- **INSTRUCTIONS FOR THE TASK**: Lines containing the word "appear" are to be copied from the data below.

- **DATA TO USE**:
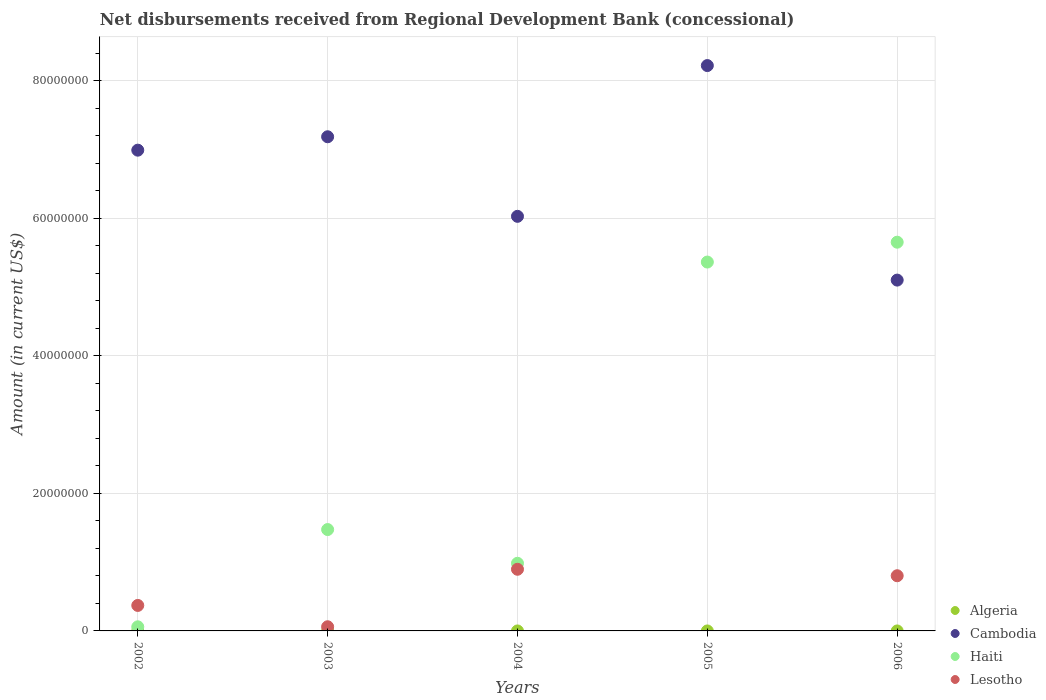How many different coloured dotlines are there?
Give a very brief answer. 3. What is the amount of disbursements received from Regional Development Bank in Lesotho in 2002?
Ensure brevity in your answer.  3.70e+06. Across all years, what is the maximum amount of disbursements received from Regional Development Bank in Cambodia?
Your response must be concise. 8.22e+07. Across all years, what is the minimum amount of disbursements received from Regional Development Bank in Algeria?
Keep it short and to the point. 0. What is the total amount of disbursements received from Regional Development Bank in Haiti in the graph?
Provide a short and direct response. 1.35e+08. What is the difference between the amount of disbursements received from Regional Development Bank in Haiti in 2003 and that in 2004?
Your response must be concise. 4.90e+06. What is the difference between the amount of disbursements received from Regional Development Bank in Lesotho in 2004 and the amount of disbursements received from Regional Development Bank in Cambodia in 2003?
Offer a terse response. -6.29e+07. What is the average amount of disbursements received from Regional Development Bank in Haiti per year?
Your answer should be compact. 2.71e+07. In the year 2006, what is the difference between the amount of disbursements received from Regional Development Bank in Cambodia and amount of disbursements received from Regional Development Bank in Lesotho?
Provide a succinct answer. 4.30e+07. In how many years, is the amount of disbursements received from Regional Development Bank in Haiti greater than 68000000 US$?
Give a very brief answer. 0. What is the ratio of the amount of disbursements received from Regional Development Bank in Lesotho in 2004 to that in 2006?
Offer a terse response. 1.12. Is the amount of disbursements received from Regional Development Bank in Haiti in 2002 less than that in 2004?
Offer a very short reply. Yes. What is the difference between the highest and the second highest amount of disbursements received from Regional Development Bank in Cambodia?
Your answer should be compact. 1.04e+07. What is the difference between the highest and the lowest amount of disbursements received from Regional Development Bank in Haiti?
Your response must be concise. 5.59e+07. Is it the case that in every year, the sum of the amount of disbursements received from Regional Development Bank in Lesotho and amount of disbursements received from Regional Development Bank in Algeria  is greater than the sum of amount of disbursements received from Regional Development Bank in Haiti and amount of disbursements received from Regional Development Bank in Cambodia?
Ensure brevity in your answer.  No. Is it the case that in every year, the sum of the amount of disbursements received from Regional Development Bank in Haiti and amount of disbursements received from Regional Development Bank in Cambodia  is greater than the amount of disbursements received from Regional Development Bank in Algeria?
Your answer should be compact. Yes. Does the amount of disbursements received from Regional Development Bank in Algeria monotonically increase over the years?
Your answer should be compact. No. How many dotlines are there?
Keep it short and to the point. 3. How many years are there in the graph?
Offer a terse response. 5. What is the difference between two consecutive major ticks on the Y-axis?
Your answer should be compact. 2.00e+07. Are the values on the major ticks of Y-axis written in scientific E-notation?
Your response must be concise. No. Does the graph contain grids?
Your answer should be very brief. Yes. Where does the legend appear in the graph?
Your answer should be very brief. Bottom right. How many legend labels are there?
Provide a succinct answer. 4. How are the legend labels stacked?
Your answer should be compact. Vertical. What is the title of the graph?
Offer a very short reply. Net disbursements received from Regional Development Bank (concessional). Does "Australia" appear as one of the legend labels in the graph?
Provide a succinct answer. No. What is the Amount (in current US$) of Algeria in 2002?
Give a very brief answer. 0. What is the Amount (in current US$) in Cambodia in 2002?
Offer a terse response. 6.99e+07. What is the Amount (in current US$) in Haiti in 2002?
Provide a short and direct response. 5.96e+05. What is the Amount (in current US$) of Lesotho in 2002?
Your answer should be compact. 3.70e+06. What is the Amount (in current US$) of Cambodia in 2003?
Ensure brevity in your answer.  7.18e+07. What is the Amount (in current US$) of Haiti in 2003?
Provide a short and direct response. 1.47e+07. What is the Amount (in current US$) in Lesotho in 2003?
Your response must be concise. 6.05e+05. What is the Amount (in current US$) in Algeria in 2004?
Keep it short and to the point. 0. What is the Amount (in current US$) in Cambodia in 2004?
Provide a short and direct response. 6.03e+07. What is the Amount (in current US$) of Haiti in 2004?
Your answer should be very brief. 9.84e+06. What is the Amount (in current US$) in Lesotho in 2004?
Give a very brief answer. 8.96e+06. What is the Amount (in current US$) in Algeria in 2005?
Provide a short and direct response. 0. What is the Amount (in current US$) of Cambodia in 2005?
Provide a succinct answer. 8.22e+07. What is the Amount (in current US$) in Haiti in 2005?
Offer a very short reply. 5.36e+07. What is the Amount (in current US$) in Lesotho in 2005?
Make the answer very short. 0. What is the Amount (in current US$) in Cambodia in 2006?
Your response must be concise. 5.10e+07. What is the Amount (in current US$) in Haiti in 2006?
Keep it short and to the point. 5.65e+07. What is the Amount (in current US$) in Lesotho in 2006?
Keep it short and to the point. 8.02e+06. Across all years, what is the maximum Amount (in current US$) of Cambodia?
Give a very brief answer. 8.22e+07. Across all years, what is the maximum Amount (in current US$) of Haiti?
Provide a short and direct response. 5.65e+07. Across all years, what is the maximum Amount (in current US$) in Lesotho?
Your response must be concise. 8.96e+06. Across all years, what is the minimum Amount (in current US$) of Cambodia?
Offer a very short reply. 5.10e+07. Across all years, what is the minimum Amount (in current US$) in Haiti?
Make the answer very short. 5.96e+05. Across all years, what is the minimum Amount (in current US$) in Lesotho?
Provide a short and direct response. 0. What is the total Amount (in current US$) of Cambodia in the graph?
Provide a short and direct response. 3.35e+08. What is the total Amount (in current US$) in Haiti in the graph?
Offer a very short reply. 1.35e+08. What is the total Amount (in current US$) in Lesotho in the graph?
Provide a succinct answer. 2.13e+07. What is the difference between the Amount (in current US$) in Cambodia in 2002 and that in 2003?
Your answer should be compact. -1.95e+06. What is the difference between the Amount (in current US$) of Haiti in 2002 and that in 2003?
Make the answer very short. -1.41e+07. What is the difference between the Amount (in current US$) of Lesotho in 2002 and that in 2003?
Make the answer very short. 3.10e+06. What is the difference between the Amount (in current US$) of Cambodia in 2002 and that in 2004?
Offer a terse response. 9.62e+06. What is the difference between the Amount (in current US$) in Haiti in 2002 and that in 2004?
Your answer should be very brief. -9.24e+06. What is the difference between the Amount (in current US$) of Lesotho in 2002 and that in 2004?
Offer a very short reply. -5.26e+06. What is the difference between the Amount (in current US$) in Cambodia in 2002 and that in 2005?
Make the answer very short. -1.23e+07. What is the difference between the Amount (in current US$) of Haiti in 2002 and that in 2005?
Provide a short and direct response. -5.30e+07. What is the difference between the Amount (in current US$) in Cambodia in 2002 and that in 2006?
Give a very brief answer. 1.89e+07. What is the difference between the Amount (in current US$) of Haiti in 2002 and that in 2006?
Your answer should be compact. -5.59e+07. What is the difference between the Amount (in current US$) in Lesotho in 2002 and that in 2006?
Provide a short and direct response. -4.32e+06. What is the difference between the Amount (in current US$) in Cambodia in 2003 and that in 2004?
Ensure brevity in your answer.  1.16e+07. What is the difference between the Amount (in current US$) in Haiti in 2003 and that in 2004?
Your answer should be compact. 4.90e+06. What is the difference between the Amount (in current US$) in Lesotho in 2003 and that in 2004?
Ensure brevity in your answer.  -8.36e+06. What is the difference between the Amount (in current US$) of Cambodia in 2003 and that in 2005?
Offer a very short reply. -1.04e+07. What is the difference between the Amount (in current US$) of Haiti in 2003 and that in 2005?
Offer a terse response. -3.89e+07. What is the difference between the Amount (in current US$) of Cambodia in 2003 and that in 2006?
Offer a terse response. 2.08e+07. What is the difference between the Amount (in current US$) of Haiti in 2003 and that in 2006?
Keep it short and to the point. -4.18e+07. What is the difference between the Amount (in current US$) in Lesotho in 2003 and that in 2006?
Your answer should be very brief. -7.42e+06. What is the difference between the Amount (in current US$) of Cambodia in 2004 and that in 2005?
Give a very brief answer. -2.19e+07. What is the difference between the Amount (in current US$) of Haiti in 2004 and that in 2005?
Provide a succinct answer. -4.38e+07. What is the difference between the Amount (in current US$) in Cambodia in 2004 and that in 2006?
Offer a very short reply. 9.27e+06. What is the difference between the Amount (in current US$) of Haiti in 2004 and that in 2006?
Keep it short and to the point. -4.67e+07. What is the difference between the Amount (in current US$) in Lesotho in 2004 and that in 2006?
Offer a very short reply. 9.41e+05. What is the difference between the Amount (in current US$) of Cambodia in 2005 and that in 2006?
Make the answer very short. 3.12e+07. What is the difference between the Amount (in current US$) of Haiti in 2005 and that in 2006?
Offer a very short reply. -2.89e+06. What is the difference between the Amount (in current US$) in Cambodia in 2002 and the Amount (in current US$) in Haiti in 2003?
Offer a terse response. 5.52e+07. What is the difference between the Amount (in current US$) in Cambodia in 2002 and the Amount (in current US$) in Lesotho in 2003?
Make the answer very short. 6.93e+07. What is the difference between the Amount (in current US$) of Haiti in 2002 and the Amount (in current US$) of Lesotho in 2003?
Provide a short and direct response. -9000. What is the difference between the Amount (in current US$) in Cambodia in 2002 and the Amount (in current US$) in Haiti in 2004?
Provide a short and direct response. 6.01e+07. What is the difference between the Amount (in current US$) of Cambodia in 2002 and the Amount (in current US$) of Lesotho in 2004?
Keep it short and to the point. 6.09e+07. What is the difference between the Amount (in current US$) of Haiti in 2002 and the Amount (in current US$) of Lesotho in 2004?
Make the answer very short. -8.37e+06. What is the difference between the Amount (in current US$) of Cambodia in 2002 and the Amount (in current US$) of Haiti in 2005?
Give a very brief answer. 1.63e+07. What is the difference between the Amount (in current US$) of Cambodia in 2002 and the Amount (in current US$) of Haiti in 2006?
Give a very brief answer. 1.34e+07. What is the difference between the Amount (in current US$) of Cambodia in 2002 and the Amount (in current US$) of Lesotho in 2006?
Provide a succinct answer. 6.19e+07. What is the difference between the Amount (in current US$) in Haiti in 2002 and the Amount (in current US$) in Lesotho in 2006?
Your answer should be compact. -7.43e+06. What is the difference between the Amount (in current US$) of Cambodia in 2003 and the Amount (in current US$) of Haiti in 2004?
Make the answer very short. 6.20e+07. What is the difference between the Amount (in current US$) in Cambodia in 2003 and the Amount (in current US$) in Lesotho in 2004?
Keep it short and to the point. 6.29e+07. What is the difference between the Amount (in current US$) of Haiti in 2003 and the Amount (in current US$) of Lesotho in 2004?
Ensure brevity in your answer.  5.77e+06. What is the difference between the Amount (in current US$) in Cambodia in 2003 and the Amount (in current US$) in Haiti in 2005?
Provide a short and direct response. 1.82e+07. What is the difference between the Amount (in current US$) of Cambodia in 2003 and the Amount (in current US$) of Haiti in 2006?
Ensure brevity in your answer.  1.53e+07. What is the difference between the Amount (in current US$) in Cambodia in 2003 and the Amount (in current US$) in Lesotho in 2006?
Your answer should be very brief. 6.38e+07. What is the difference between the Amount (in current US$) of Haiti in 2003 and the Amount (in current US$) of Lesotho in 2006?
Your answer should be very brief. 6.72e+06. What is the difference between the Amount (in current US$) of Cambodia in 2004 and the Amount (in current US$) of Haiti in 2005?
Your response must be concise. 6.65e+06. What is the difference between the Amount (in current US$) in Cambodia in 2004 and the Amount (in current US$) in Haiti in 2006?
Give a very brief answer. 3.76e+06. What is the difference between the Amount (in current US$) of Cambodia in 2004 and the Amount (in current US$) of Lesotho in 2006?
Make the answer very short. 5.23e+07. What is the difference between the Amount (in current US$) in Haiti in 2004 and the Amount (in current US$) in Lesotho in 2006?
Provide a short and direct response. 1.81e+06. What is the difference between the Amount (in current US$) in Cambodia in 2005 and the Amount (in current US$) in Haiti in 2006?
Provide a succinct answer. 2.57e+07. What is the difference between the Amount (in current US$) of Cambodia in 2005 and the Amount (in current US$) of Lesotho in 2006?
Your response must be concise. 7.42e+07. What is the difference between the Amount (in current US$) of Haiti in 2005 and the Amount (in current US$) of Lesotho in 2006?
Your response must be concise. 4.56e+07. What is the average Amount (in current US$) of Cambodia per year?
Provide a short and direct response. 6.70e+07. What is the average Amount (in current US$) of Haiti per year?
Ensure brevity in your answer.  2.71e+07. What is the average Amount (in current US$) in Lesotho per year?
Keep it short and to the point. 4.26e+06. In the year 2002, what is the difference between the Amount (in current US$) of Cambodia and Amount (in current US$) of Haiti?
Offer a very short reply. 6.93e+07. In the year 2002, what is the difference between the Amount (in current US$) of Cambodia and Amount (in current US$) of Lesotho?
Give a very brief answer. 6.62e+07. In the year 2002, what is the difference between the Amount (in current US$) of Haiti and Amount (in current US$) of Lesotho?
Ensure brevity in your answer.  -3.11e+06. In the year 2003, what is the difference between the Amount (in current US$) of Cambodia and Amount (in current US$) of Haiti?
Offer a terse response. 5.71e+07. In the year 2003, what is the difference between the Amount (in current US$) in Cambodia and Amount (in current US$) in Lesotho?
Offer a very short reply. 7.12e+07. In the year 2003, what is the difference between the Amount (in current US$) in Haiti and Amount (in current US$) in Lesotho?
Keep it short and to the point. 1.41e+07. In the year 2004, what is the difference between the Amount (in current US$) of Cambodia and Amount (in current US$) of Haiti?
Give a very brief answer. 5.04e+07. In the year 2004, what is the difference between the Amount (in current US$) of Cambodia and Amount (in current US$) of Lesotho?
Give a very brief answer. 5.13e+07. In the year 2004, what is the difference between the Amount (in current US$) in Haiti and Amount (in current US$) in Lesotho?
Make the answer very short. 8.71e+05. In the year 2005, what is the difference between the Amount (in current US$) in Cambodia and Amount (in current US$) in Haiti?
Make the answer very short. 2.86e+07. In the year 2006, what is the difference between the Amount (in current US$) of Cambodia and Amount (in current US$) of Haiti?
Your answer should be very brief. -5.51e+06. In the year 2006, what is the difference between the Amount (in current US$) in Cambodia and Amount (in current US$) in Lesotho?
Provide a short and direct response. 4.30e+07. In the year 2006, what is the difference between the Amount (in current US$) of Haiti and Amount (in current US$) of Lesotho?
Offer a very short reply. 4.85e+07. What is the ratio of the Amount (in current US$) in Cambodia in 2002 to that in 2003?
Provide a succinct answer. 0.97. What is the ratio of the Amount (in current US$) of Haiti in 2002 to that in 2003?
Your response must be concise. 0.04. What is the ratio of the Amount (in current US$) of Lesotho in 2002 to that in 2003?
Your answer should be very brief. 6.12. What is the ratio of the Amount (in current US$) in Cambodia in 2002 to that in 2004?
Offer a very short reply. 1.16. What is the ratio of the Amount (in current US$) in Haiti in 2002 to that in 2004?
Offer a terse response. 0.06. What is the ratio of the Amount (in current US$) of Lesotho in 2002 to that in 2004?
Your response must be concise. 0.41. What is the ratio of the Amount (in current US$) in Cambodia in 2002 to that in 2005?
Your answer should be very brief. 0.85. What is the ratio of the Amount (in current US$) of Haiti in 2002 to that in 2005?
Provide a succinct answer. 0.01. What is the ratio of the Amount (in current US$) of Cambodia in 2002 to that in 2006?
Your answer should be very brief. 1.37. What is the ratio of the Amount (in current US$) in Haiti in 2002 to that in 2006?
Ensure brevity in your answer.  0.01. What is the ratio of the Amount (in current US$) of Lesotho in 2002 to that in 2006?
Keep it short and to the point. 0.46. What is the ratio of the Amount (in current US$) in Cambodia in 2003 to that in 2004?
Give a very brief answer. 1.19. What is the ratio of the Amount (in current US$) of Haiti in 2003 to that in 2004?
Offer a terse response. 1.5. What is the ratio of the Amount (in current US$) in Lesotho in 2003 to that in 2004?
Provide a succinct answer. 0.07. What is the ratio of the Amount (in current US$) in Cambodia in 2003 to that in 2005?
Provide a succinct answer. 0.87. What is the ratio of the Amount (in current US$) of Haiti in 2003 to that in 2005?
Your answer should be very brief. 0.27. What is the ratio of the Amount (in current US$) in Cambodia in 2003 to that in 2006?
Provide a short and direct response. 1.41. What is the ratio of the Amount (in current US$) in Haiti in 2003 to that in 2006?
Ensure brevity in your answer.  0.26. What is the ratio of the Amount (in current US$) of Lesotho in 2003 to that in 2006?
Make the answer very short. 0.08. What is the ratio of the Amount (in current US$) of Cambodia in 2004 to that in 2005?
Your response must be concise. 0.73. What is the ratio of the Amount (in current US$) in Haiti in 2004 to that in 2005?
Offer a terse response. 0.18. What is the ratio of the Amount (in current US$) of Cambodia in 2004 to that in 2006?
Ensure brevity in your answer.  1.18. What is the ratio of the Amount (in current US$) in Haiti in 2004 to that in 2006?
Provide a succinct answer. 0.17. What is the ratio of the Amount (in current US$) of Lesotho in 2004 to that in 2006?
Your response must be concise. 1.12. What is the ratio of the Amount (in current US$) of Cambodia in 2005 to that in 2006?
Provide a short and direct response. 1.61. What is the ratio of the Amount (in current US$) of Haiti in 2005 to that in 2006?
Your answer should be compact. 0.95. What is the difference between the highest and the second highest Amount (in current US$) of Cambodia?
Your answer should be compact. 1.04e+07. What is the difference between the highest and the second highest Amount (in current US$) in Haiti?
Your response must be concise. 2.89e+06. What is the difference between the highest and the second highest Amount (in current US$) in Lesotho?
Provide a succinct answer. 9.41e+05. What is the difference between the highest and the lowest Amount (in current US$) of Cambodia?
Make the answer very short. 3.12e+07. What is the difference between the highest and the lowest Amount (in current US$) of Haiti?
Offer a very short reply. 5.59e+07. What is the difference between the highest and the lowest Amount (in current US$) in Lesotho?
Give a very brief answer. 8.96e+06.

- **TASK SOLUTION**:
Your answer should be very brief. Yes. Where does the legend appear in the graph?
Offer a very short reply. Net disbursements received from Regional Development Bank (concessional). Does "Australia" appear as one of the legend labels in the graph?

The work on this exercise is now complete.